Written by Saleemul Huq on IRF2015
The post-2015 agenda sees four major strands of global decision-making come together. Saleemul Huq, director of the International Centre for Climate Change and Development and a Senior Fellow in IIED’s Climate Change group, explains why they are so important for the Least Developed Countries.
Four major strands of global discourse come together in 2015, each with their respective negotiating tracks under the United Nations.
The relevance of all four tracks, their inter-linkages and synergies are especially significant for the poorest communities in the world and the poorest countries – which is why IIED recently hosted a retreat in New York to focus on the demands of the Least Developed Countries (LDCs) in the post-2015 agenda.

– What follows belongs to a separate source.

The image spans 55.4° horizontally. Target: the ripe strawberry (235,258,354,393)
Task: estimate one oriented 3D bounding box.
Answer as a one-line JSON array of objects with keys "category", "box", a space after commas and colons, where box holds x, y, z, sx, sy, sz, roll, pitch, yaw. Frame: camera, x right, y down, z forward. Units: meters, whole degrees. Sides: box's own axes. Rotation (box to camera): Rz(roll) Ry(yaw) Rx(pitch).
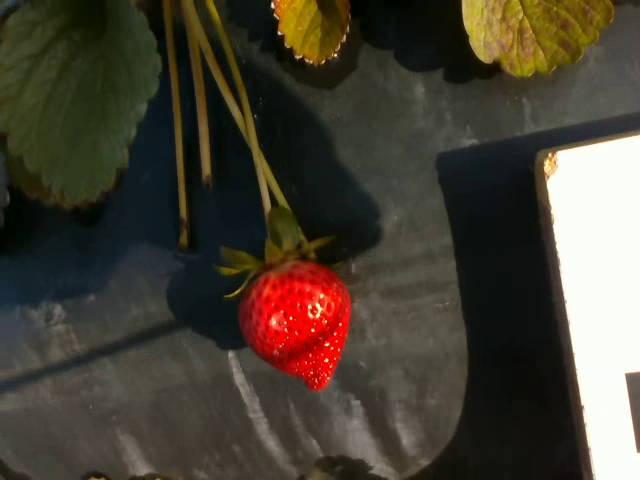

These four strands of the post-2015 process comprise:
- The 17 Sustainable Development Goals (SDGs) currently being negotiated and due to be agreed at the UN General Assembly in New York in September this year. These follow from the Millennium Development Goals (MDGs), which were meant to be achieved by 2015
- The United Nations Framework Convention on Climate Change (UNFCCC) which has a long history of negotiations to agree a climate treaty, and which is heading for a key decision at its 21st Conference of Parties (COP21) in Paris, France in December 2015
- The Financing for Development (FfD) track will also hold a major UN conference in Addis in July, where countries will seek to agree levels and ways of providing overseas development assistance (ODA) from the rich to the poor countries, and
- The fourth and final track is about disaster risk reduction under the Hyogo Framework for Action (HFA) which met in Sendai, Japan, last month, agreeing the new Sendai Framework for Action (SFA) (PDF).